Soft tissue sarcomas (STS) are a group of rare malignant tumors arising from mesenchymal stem cells. There are more than 60 different types of neoplasms that fall under the umbrella of STS, including tumors that originate from cartilage, adipose tissue, skeletal muscle, or connective tissue, among many other tissue types. One particular type of high-grade aggressive STS is the undifferentiated pleomorphic sarcoma (UPS), formerly known as the malignant fibrous histiocytoma (MFH). There has historically been much debate about the classification and differentiation of UPS from other types of sarcomas, which has only recently been characterized by novel methods of immunohistochemistry markers and sophisticated cytogenetics. This has left much of the literature regarding UPS largely irrelevant in context of our current classification standards.
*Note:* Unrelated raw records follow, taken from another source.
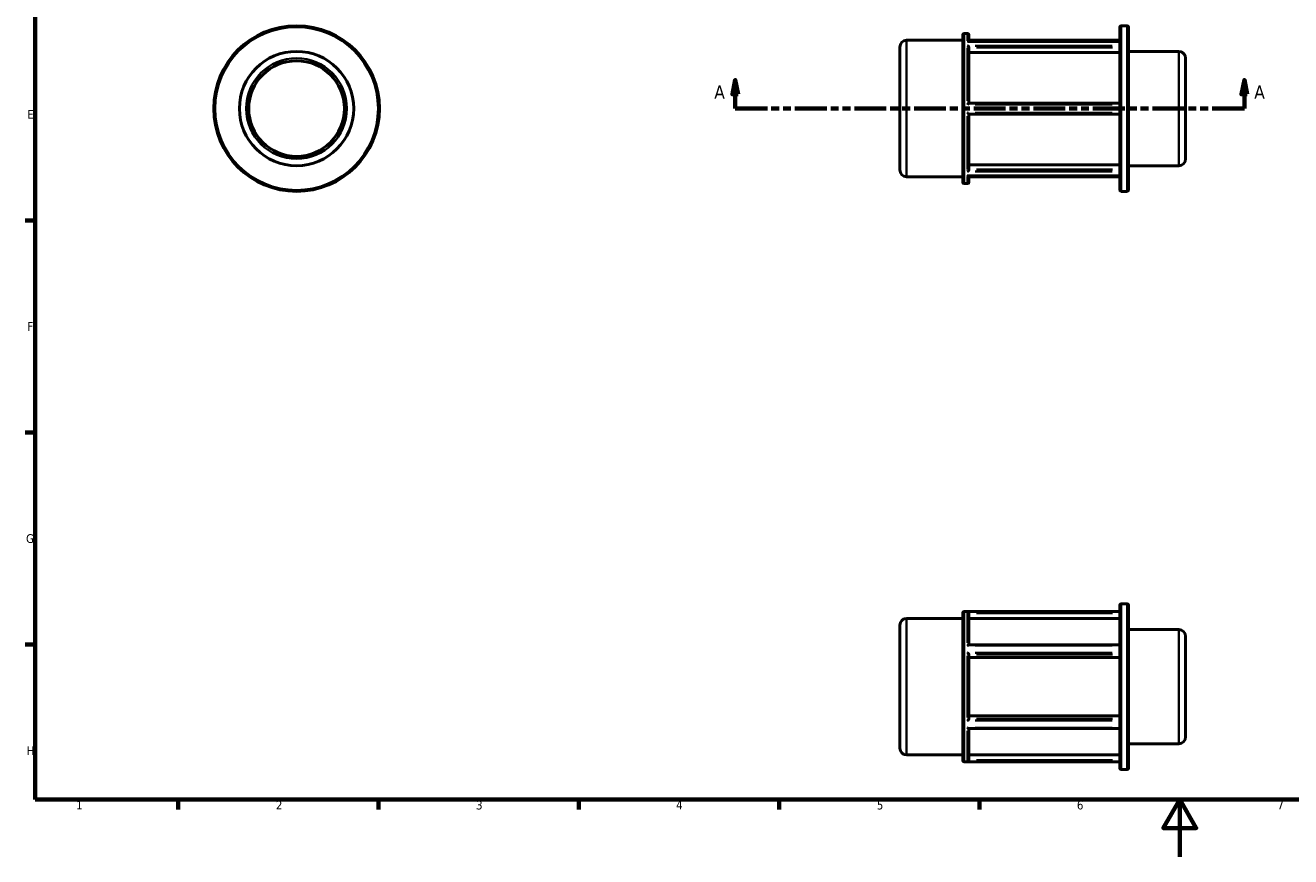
# Model space of a CAD drawing. Header units: millimetres. Extents: x 0 to 898, y 0 to 594.
# Tile 1 of 3: x 17 to 459, y 0 to 291. Entities that reach past the tile are written whole.
import ezdxf

# ---------------------------------------------------------------- set-up
doc = ezdxf.new("R2010")
doc.units = ezdxf.units.MM
doc.linetypes.add('DOUBLE_DASH_CHAIN', pattern=[1.2403, 0.6614, -0.0827, 0.1654, -0.0827, 0.1654, -0.0827])
for name, color, linetype, lineweight in [('Border (ANSI)', 7, 'Continuous', 70), ('Section Line (ANSI)', 7, 'DOUBLE_DASH_CHAIN', 70), ('Visible (ANSI)', 7, 'Continuous', 50), ('Visible Narrow (ANSI)', 7, 'Continuous', 35)]:
    doc.layers.add(name, color=color, linetype=linetype, lineweight=lineweight)
doc.styles.add('Label Text (ANSI)', font='tahoma.ttf')
doc.styles.add('Note Text (ANSI)', font='tahoma.ttf')

# ---------------------------------------------------------------- blocks, each defined once
blk = doc.blocks.new('Borders Default Border')
at = {"layer": 'Border (ANSI)'}
for p, q in [((20, 222.75), (16.55, 222.75)), ((20, 148.5), (16.55, 148.5)), ((20, 74.25), (16.55, 74.25)), ((70.08, 20), (70.08, 16.55)), ((140.17, 20), (140.17, 16.55)), ((210.25, 20), (210.25, 16.55)), ((280.33, 20), (280.33, 16.55)), ((350.42, 20), (350.42, 16.55))]:
    blk.add_line(p, q, dxfattribs=at)
at = {"layer": 'Border (ANSI)', "flags": 128}
for points in [[(20, 20), (20, 574), (821, 574), (821, 20), (20, 20)], [(420.5, 0), (420.5, 20), (414.73, 10), (426.27, 10), (420.5, 20)]]:
    blk.add_lwpolyline(points, dxfattribs=at)
at = {"layer": 'Border (ANSI)', "char_height": 3.05, "attachment_point": 7, "style": 'Note Text (ANSI)'}
for s, insert in [('E', (17.21, 258.35)), ('F', (17.29, 184.1)), ('G', (16.81, 109.79)), ('H', (16.97, 35.6)), ('1', (34.35, 16.55)), ('2', (104.2, 16.55)), ('3', (174.26, 16.49)), ('4', (244.23, 16.55)), ('5', (314.48, 16.49)), ('6', (384.49, 16.49)), ('7', (454.6, 16.55))]:
    blk.add_mtext(s, dxfattribs=dict(at, insert=insert))
blk = doc.blocks.new('2dTransSection0')
at = {"layer": 'Section Line (ANSI)', "linetype": 'Continuous'}
for p, q in [((264.98, 271.93), (263.98, 266.93)), ((264.98, 266.93), (264.98, 271.93)), ((265.98, 266.93), (264.98, 271.93)), ((443.08, 271.93), (442.08, 266.93)), ((443.08, 266.93), (443.08, 271.93)), ((444.08, 266.93), (443.08, 271.93)), ((263.98, 266.93), (265.98, 266.93)), ((264.98, 261.93), (264.98, 266.93)), ((442.08, 266.93), (444.08, 266.93)), ((443.08, 261.93), (443.08, 266.93)), ((264.98, 261.93), (276.24, 261.93)), ((431.83, 261.93), (443.08, 261.93))]:
    blk.add_line(p, q, dxfattribs=at)
at = {"layer": 'Section Line (ANSI)', "linetype": 'DOUBLE_DASH_CHAIN', "ltscale": 16.815035}
blk.add_line((264.98, 261.93), (443.08, 261.93), dxfattribs=at)
at = {"layer": 'Section Line (ANSI)', "linetype": 'Continuous', "flags": 128}
for points in [[(265.98, 266.93), (264.98, 271.93), (263.98, 266.93), (265.98, 266.93)], [(444.08, 266.93), (443.08, 271.93), (442.08, 266.93), (444.08, 266.93)]]:
    blk.add_lwpolyline(points, dxfattribs=at)
at = {"layer": 'Section Line (ANSI)'}
for points in [[(265.98, 266.93), (264.98, 271.93), (263.98, 266.93), (265.98, 266.93)], [(444.08, 266.93), (443.08, 271.93), (442.08, 266.93), (444.08, 266.93)]]:
    blk.add_solid(points, dxfattribs=at)
at = {"layer": 'Section Line (ANSI)', "char_height": 4.57, "attachment_point": 7, "style": 'Label Text (ANSI)'}
for insert in [(257.62, 265.43), (446.55, 265.43)]:
    blk.add_mtext('A', dxfattribs=dict(at, insert=insert))

msp = doc.modelspace()

# ---------------------------------------------------------------- linework, layer by layer
at = {"layer": 'Visible (ANSI)'}
for p, q in [((345.009, 288.219), (346.253, 288.219)), ((399.531, 233.405), (399.531, 290.449)), ((400.009, 290.927), (402.053, 290.927)), ((402.531, 290.449), (402.531, 233.405)), ((322.531, 240.416), (322.531, 283.439)), ((324.921, 285.829), (344.531, 285.829)), ((344.531, 236.114), (344.531, 287.741)), ((346.467, 285.443), (399.531, 285.443)), ((346.731, 287.741), (346.731, 285.443)), ((346.731, 285.829), (399.531, 285.829)), ((346.731, 283.265), (346.731, 263.839)), ((399.531, 281.604), (346.731, 281.604)), ((402.531, 281.927), (420.141, 281.927)), ((422.531, 279.537), (422.531, 244.318)), ((399.531, 263.839), (346.73, 263.839)), ((346.73, 260.015), (399.531, 260.015)), ((346.731, 260.015), (346.731, 240.59)), ((346.731, 242.25), (399.531, 242.25)), ((402.531, 241.927), (420.141, 241.927)), ((324.921, 238.026), (344.531, 238.026)), ((345.009, 235.636), (346.253, 235.636)), ((346.467, 238.412), (399.531, 238.412)), ((346.731, 238.412), (346.731, 236.114)), ((346.731, 238.026), (399.531, 238.026)), ((400.009, 232.927), (402.053, 232.927)), ((344.531, 33.715), (344.531, 85.342)), ((345.009, 85.82), (399.531, 85.82)), ((346.731, 85.271), (346.731, 74.136)), ((399.531, 31.007), (399.531, 88.051)), ((400.009, 88.529), (402.053, 88.529)), ((402.531, 88.051), (402.531, 31.007)), ((322.531, 38.017), (322.531, 81.04)), ((324.921, 83.43), (344.531, 83.43)), ((399.531, 83.354), (346.731, 83.354)), ((402.531, 79.529), (420.141, 79.529)), ((422.531, 77.139), (422.531, 41.919)), ((346.651, 74.136), (399.531, 74.136)), ((346.731, 70.744), (346.731, 48.313)), ((399.531, 69.785), (346.731, 69.785)), ((346.731, 49.272), (399.531, 49.272)), ((346.651, 44.922), (399.531, 44.922)), ((346.731, 44.922), (346.731, 33.786)), ((324.921, 35.627), (344.531, 35.627)), ((346.731, 35.704), (399.531, 35.704)), ((402.531, 39.529), (420.141, 39.529)), ((345.009, 33.237), (399.531, 33.237)), ((400.009, 30.529), (402.053, 30.529))]:
    msp.add_line(p, q, dxfattribs=at)
for radius in [29, 20, 16.731]:
    msp.add_circle((111.459, 261.927), radius, dxfattribs=at)
for centre, radius, start, end in [((345.009, 287.741), 0.478, 90, 180), ((346.253, 287.741), 0.478, 0, 90), ((400.009, 290.449), 0.478, 90, 180), ((402.053, 290.449), 0.478, 0, 90), ((324.921, 283.439), 2.39, 90, 180), ((420.141, 279.537), 2.39, 0, 90), ((420.141, 244.318), 2.39, 270, 0), ((324.921, 240.416), 2.39, 180, 270), ((345.009, 236.114), 0.478, 180, 270), ((346.253, 236.114), 0.478, 270, 0), ((400.009, 233.405), 0.478, 180, 270), ((402.053, 233.405), 0.478, 270, 0), ((345.009, 85.342), 0.478, 90, 180), ((400.009, 88.051), 0.478, 90, 180), ((402.053, 88.051), 0.478, 0, 90), ((324.921, 81.04), 2.39, 90, 180), ((420.141, 77.139), 2.39, 0, 90), ((420.141, 41.919), 2.39, 270, 0), ((324.921, 38.017), 2.39, 180, 270), ((345.009, 33.715), 0.478, 180, 270), ((400.009, 31.007), 0.478, 180, 270), ((402.053, 31.007), 0.478, 270, 0)]:
    msp.add_arc(centre, radius, start, end, dxfattribs=at)
for points, knots in [([(346.253, 285.392), (346.254, 285.392), (346.255, 285.393), (346.306, 285.415), (346.356, 285.431), (346.425, 285.441), (346.446, 285.443), (346.467, 285.443)], [-0.215485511, -0.215485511, -0.215485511, -0.215485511, -0.214947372, -0.214947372, -0.189056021, -0.189056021, -0.177611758, -0.177611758, -0.177611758, -0.177611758]), ([(346.73, 283.292), (346.727, 283.331), (346.718, 283.373), (346.686, 283.464), (346.662, 283.514), (346.596, 283.624), (346.551, 283.683), (346.464, 283.775), (346.425, 283.811), (346.342, 283.877), (346.299, 283.906), (346.255, 283.93), (346.254, 283.931), (346.253, 283.931)], [-0.088459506, -0.088459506, -0.088459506, -0.088459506, -0.074705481, -0.074705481, -0.058269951, -0.058269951, -0.035862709, -0.035862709, -0.018254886, -0.018254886, 0, 0, 0.000439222, 0.000439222, 0.000439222, 0.000439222]), ([(346.253, 263.388), (346.254, 263.389), (346.255, 263.39), (346.306, 263.441), (346.356, 263.491), (346.45, 263.584), (346.495, 263.628), (346.58, 263.71), (346.62, 263.748), (346.678, 263.8), (346.699, 263.818), (346.722, 263.836), (346.728, 263.839), (346.73, 263.839)], [-0.21548551, -0.21548551, -0.21548551, -0.21548551, -0.21494737, -0.21494737, -0.18905602, -0.18905602, -0.16437051, -0.16437051, -0.13882001, -0.13882001, -0.11969472, -0.11969472, -0.10654987, -0.10654987, -0.10654987, -0.10654987]), ([(346.73, 260.015), (346.727, 260.015), (346.718, 260.022), (346.686, 260.048), (346.662, 260.069), (346.596, 260.13), (346.551, 260.173), (346.464, 260.257), (346.425, 260.296), (346.342, 260.377), (346.299, 260.42), (346.255, 260.465), (346.254, 260.466), (346.253, 260.467)], [-0.088459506, -0.088459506, -0.088459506, -0.088459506, -0.074705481, -0.074705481, -0.058269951, -0.058269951, -0.035862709, -0.035862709, -0.018254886, -0.018254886, 0, 0, 0.000439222, 0.000439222, 0.000439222, 0.000439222]), ([(346.253, 239.924), (346.254, 239.924), (346.255, 239.925), (346.306, 239.953), (346.356, 239.987), (346.45, 240.066), (346.495, 240.11), (346.58, 240.21), (346.62, 240.267), (346.678, 240.373), (346.699, 240.421), (346.722, 240.5), (346.728, 240.532), (346.73, 240.563)], [-0.21548551, -0.21548551, -0.21548551, -0.21548551, -0.21494737, -0.21494737, -0.18905602, -0.18905602, -0.16437051, -0.16437051, -0.13882001, -0.13882001, -0.11969472, -0.11969472, -0.10654987, -0.10654987, -0.10654987, -0.10654987]), ([(346.467, 238.412), (346.44, 238.412), (346.412, 238.414), (346.342, 238.428), (346.299, 238.442), (346.255, 238.462), (346.254, 238.463), (346.253, 238.463)], [-0.030480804, -0.030480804, -0.030480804, -0.030480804, -0.018254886, -0.018254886, 0, 0, 0.000439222, 0.000439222, 0.000439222, 0.000439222]), ([(346.73, 85.303), (346.727, 85.348), (346.718, 85.392), (346.686, 85.483), (346.662, 85.528), (346.596, 85.62), (346.551, 85.662), (346.464, 85.72), (346.425, 85.74), (346.342, 85.768), (346.299, 85.777), (346.255, 85.78), (346.254, 85.78), (346.253, 85.78)], [-0.088459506, -0.088459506, -0.088459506, -0.088459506, -0.074705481, -0.074705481, -0.058269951, -0.058269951, -0.035862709, -0.035862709, -0.018254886, -0.018254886, 0, 0, 0.000439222, 0.000439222, 0.000439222, 0.000439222]), ([(346.253, 73.919), (346.254, 73.92), (346.255, 73.921), (346.306, 73.964), (346.356, 74.001), (346.45, 74.063), (346.495, 74.089), (346.579, 74.125), (346.619, 74.136), (346.651, 74.136)], [-0.215485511, -0.215485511, -0.215485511, -0.215485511, -0.214947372, -0.214947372, -0.189056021, -0.189056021, -0.164370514, -0.164370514, -0.139389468, -0.139389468, -0.139389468, -0.139389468]), ([(346.73, 70.76), (346.727, 70.782), (346.718, 70.81), (346.686, 70.878), (346.662, 70.919), (346.596, 71.017), (346.551, 71.076), (346.464, 71.178), (346.425, 71.221), (346.342, 71.306), (346.299, 71.348), (346.255, 71.387), (346.254, 71.388), (346.253, 71.389)], [-0.088459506, -0.088459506, -0.088459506, -0.088459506, -0.074705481, -0.074705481, -0.058269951, -0.058269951, -0.035862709, -0.035862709, -0.018254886, -0.018254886, 0, 0, 0.000439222, 0.000439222, 0.000439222, 0.000439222]), ([(346.253, 47.668), (346.254, 47.669), (346.255, 47.67), (346.306, 47.716), (346.356, 47.764), (346.45, 47.864), (346.495, 47.914), (346.58, 48.019), (346.62, 48.074), (346.678, 48.166), (346.699, 48.203), (346.722, 48.26), (346.728, 48.28), (346.73, 48.298)], [-0.21548551, -0.21548551, -0.21548551, -0.21548551, -0.21494737, -0.21494737, -0.18905602, -0.18905602, -0.16437051, -0.16437051, -0.13882001, -0.13882001, -0.11969472, -0.11969472, -0.10654987, -0.10654987, -0.10654987, -0.10654987]), ([(346.651, 44.922), (346.646, 44.922), (346.64, 44.922), (346.596, 44.927), (346.551, 44.943), (346.464, 44.986), (346.425, 45.01), (346.342, 45.067), (346.299, 45.1), (346.255, 45.137), (346.254, 45.137), (346.253, 45.138)], [-0.061670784, -0.061670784, -0.061670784, -0.061670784, -0.058269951, -0.058269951, -0.035862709, -0.035862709, -0.018254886, -0.018254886, 0, 0, 0.000439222, 0.000439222, 0.000439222, 0.000439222]), ([(346.253, 33.278), (346.254, 33.278), (346.255, 33.278), (346.306, 33.281), (346.356, 33.292), (346.45, 33.329), (346.495, 33.355), (346.58, 33.423), (346.62, 33.467), (346.678, 33.559), (346.699, 33.604), (346.722, 33.685), (346.728, 33.72), (346.73, 33.755)], [-0.21548551, -0.21548551, -0.21548551, -0.21548551, -0.21494737, -0.21494737, -0.18905602, -0.18905602, -0.16437051, -0.16437051, -0.13882001, -0.13882001, -0.11969472, -0.11969472, -0.10654987, -0.10654987, -0.10654987, -0.10654987])]:
    msp.add_open_spline(points, degree=3, knots=knots, dxfattribs=at)
for points in [[(346.731, 283.265), (346.731, 283.274), (346.731, 283.283), (346.73, 283.292)], [(346.73, 240.563), (346.731, 240.572), (346.731, 240.581), (346.731, 240.59)], [(346.731, 85.271), (346.731, 85.282), (346.731, 85.292), (346.73, 85.303)], [(346.731, 70.744), (346.731, 70.749), (346.731, 70.754), (346.73, 70.76)], [(346.73, 48.298), (346.731, 48.303), (346.731, 48.308), (346.731, 48.313)], [(346.73, 33.755), (346.731, 33.766), (346.731, 33.776), (346.731, 33.786)]]:
    msp.add_open_spline(points, degree=3, dxfattribs=at)
at = {"layer": 'Visible Narrow (ANSI)'}
for p, q in [((345.009, 287.895), (345.009, 235.959)), ((346.253, 285.663), (346.253, 288.212)), ((400.009, 290.57), (400.009, 233.284)), ((402.053, 233.284), (402.053, 290.57)), ((324.921, 285.535), (324.921, 238.32)), ((348.917, 285.392), (396.867, 285.392)), ((396.867, 283.931), (348.917, 283.931)), ((346.253, 264.615), (346.253, 283.234)), ((349.37, 283.292), (396.891, 283.292)), ((420.141, 242.174), (420.141, 281.681)), ((348.917, 263.388), (396.867, 263.388)), ((346.253, 240.621), (346.253, 259.24)), ((396.867, 260.467), (348.917, 260.467)), ((348.917, 239.924), (396.867, 239.924)), ((396.891, 240.563), (349.37, 240.563)), ((346.253, 235.643), (346.253, 238.192)), ((396.867, 238.463), (348.917, 238.463)), ((345.009, 85.497), (345.009, 33.561)), ((346.253, 74.933), (346.253, 85.683)), ((396.867, 85.78), (348.917, 85.78)), ((349.37, 85.303), (396.891, 85.303)), ((400.009, 88.172), (400.009, 30.886)), ((402.053, 30.886), (402.053, 88.172)), ((324.921, 83.136), (324.921, 35.922)), ((420.141, 39.775), (420.141, 79.283)), ((348.917, 73.919), (396.867, 73.919)), ((396.867, 71.389), (348.917, 71.389)), ((346.253, 48.779), (346.253, 70.279)), ((349.37, 70.76), (396.891, 70.76)), ((348.917, 47.668), (396.867, 47.668)), ((396.867, 45.138), (348.917, 45.138)), ((396.891, 48.298), (349.37, 48.298)), ((346.253, 33.375), (346.253, 44.125)), ((348.917, 33.278), (396.867, 33.278)), ((396.891, 33.755), (349.37, 33.755))]:
    msp.add_line(p, q, dxfattribs=at)
for radius in [28.522, 17.61]:
    msp.add_circle((111.459, 261.927), radius, dxfattribs=at)

# ---------------------------------------------------------------- block references
msp.add_blockref('Borders Default Border', (0, 0))
at = {"layer": 'Section Line (ANSI)'}
msp.add_blockref('2dTransSection0', (0, 0), dxfattribs=at)

doc.saveas('drawing.dxf')

A recent retrospective analysis of 100 UPS cases revealed an incidence of only 9% for UPS originating in the retroperitoneum. We present a case of UPS originating in the retroperitoneum. In this case, a patient suffering from a large right-sided intra-abdominal mass underwent complete surgical resection. We also demonstrate some of the complexities involved in the diagnosis and treatment of a rare retroperitoneal form of UPS.